David Goldblatt's unerring photographic records of South African life have concentrated on landscape and structure, people and context. His work is predominantly rooted in the most turbulent of times, high apartheid. Goldblatt remains a prolific talent in South Africa today and his recent shift to colour photography has only served to enhance his revealing portraits of apartheid's aftermath, South Africa today.
On the 8th of March 2006, Goldblatt was honoured for his portrayal of social and political life in the country of his birth. He received the 2006 Hasselblad Foundation Award in photography, which is considered the most prestigious of photography awards. The foundation cited that Goldblatt received the award because: ‘His acute historical and political perception provides a sense of the texture of daily life, and an important piece of missing information regarding life under apartheid in South Africa'. Goldblatt said of his own work:
‘Gradually I have come to realise that my concern with values has become a major preoccupation.
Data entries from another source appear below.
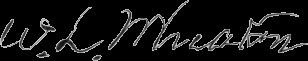
Signature of: warren l wheaton
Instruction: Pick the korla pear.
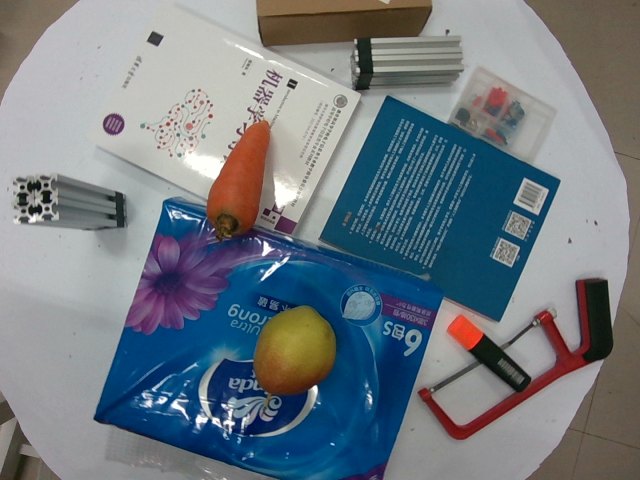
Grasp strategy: vertical
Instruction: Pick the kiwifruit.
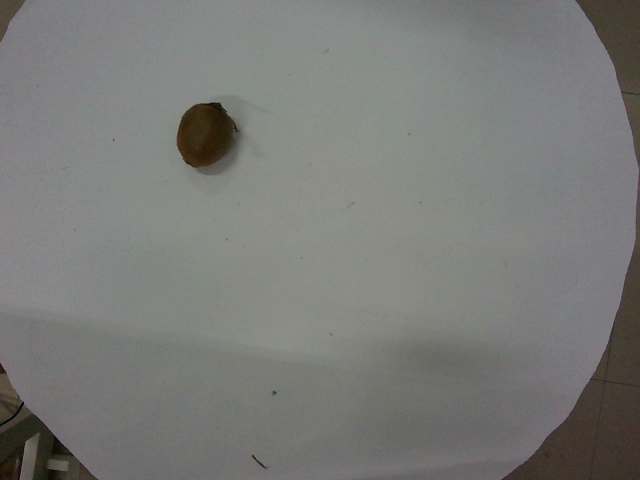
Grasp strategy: vertical

If you had asked me about my motivations during the 60s, 70s, 80s and 90s, I wouldn't have expressed it this way. It is only now, looking back, that I see that this concern with values has been my most persistent thread. The reason this is so clear to me now, so long after the event, has to do with the end of apartheid’.
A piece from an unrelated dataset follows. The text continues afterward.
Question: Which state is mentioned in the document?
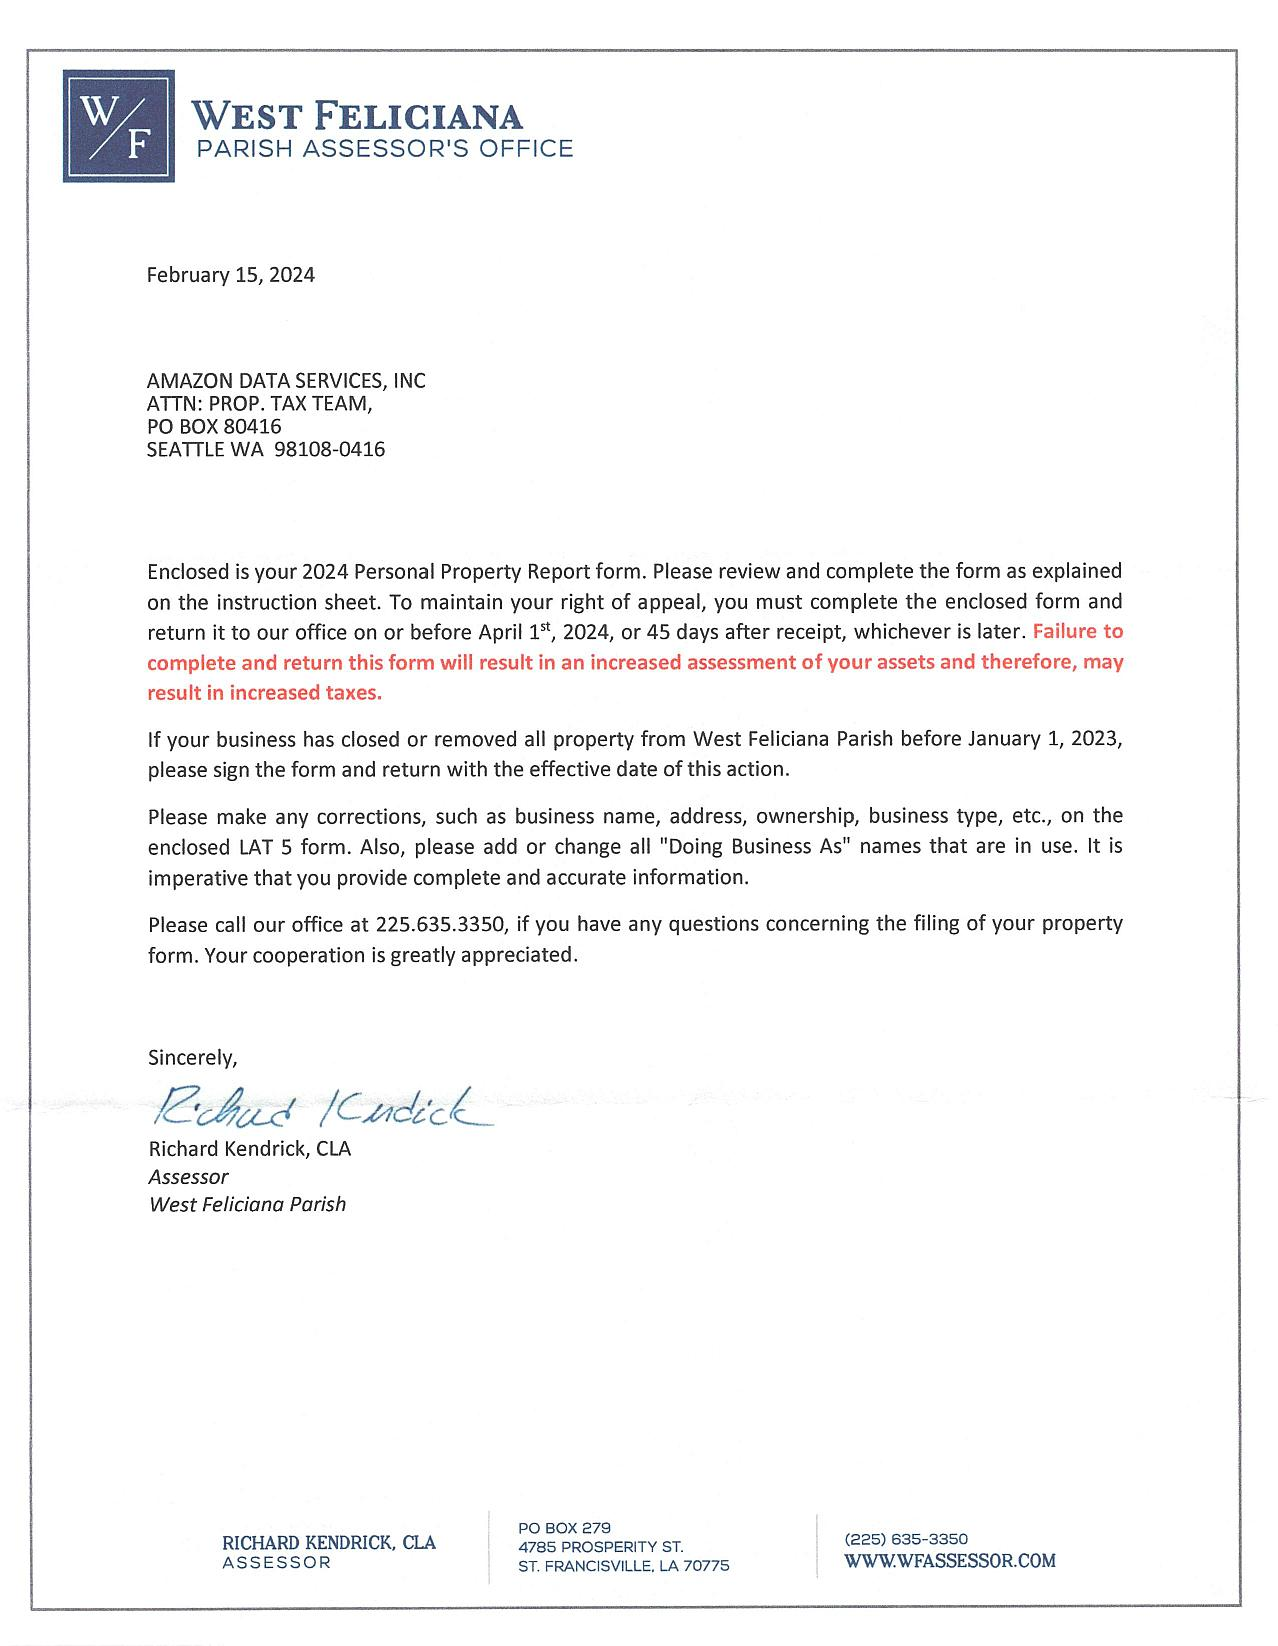
Answer: "LA"

Remains of long-drop lavatories
built for the 'closer settlement
camp' of Frankfort, Eastern
Cape. 22 February 2006.
Digital prints on 100% rag
cotton paper in pigment inks.
Edition of 10.
Source:
www.goodman-gallery.com
Goldblatt has published several books (see CV) and his work has appeared in the New York Times Magazine, London Sunday Times, Town, Management Today, Vogue, Paris Match, Camera, Photography, Photography Yearbook and Optima. He also contributed to the Expo 67 exhibition and had a one-man show at The Space, Cape Town, and The Arena, Johannesburg.
David Goldblatt currently lives and works in Johannesburg, South Africa.
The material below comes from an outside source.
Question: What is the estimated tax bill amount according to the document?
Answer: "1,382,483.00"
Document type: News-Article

The following is an extract from Goldblatt’s autobiography, written for the Goodman Gallery:
"While working in the business and taking a Bachelor of Commerce degree at Witwatersrand University, my interest in photography continued and I taught myself basic skills. After the death of my father in 1962, I sold the family business and have, since September 1963, devoted all of my time to photography. My professional work has been almost entirely outside the studio and has involved a broad variety of assignments for magazines, corporations and institutions in South Africa and overseas. My personal work since 1961 has consisted of a series of critical explorations of South African society a number of which have been exhibited and published in book form.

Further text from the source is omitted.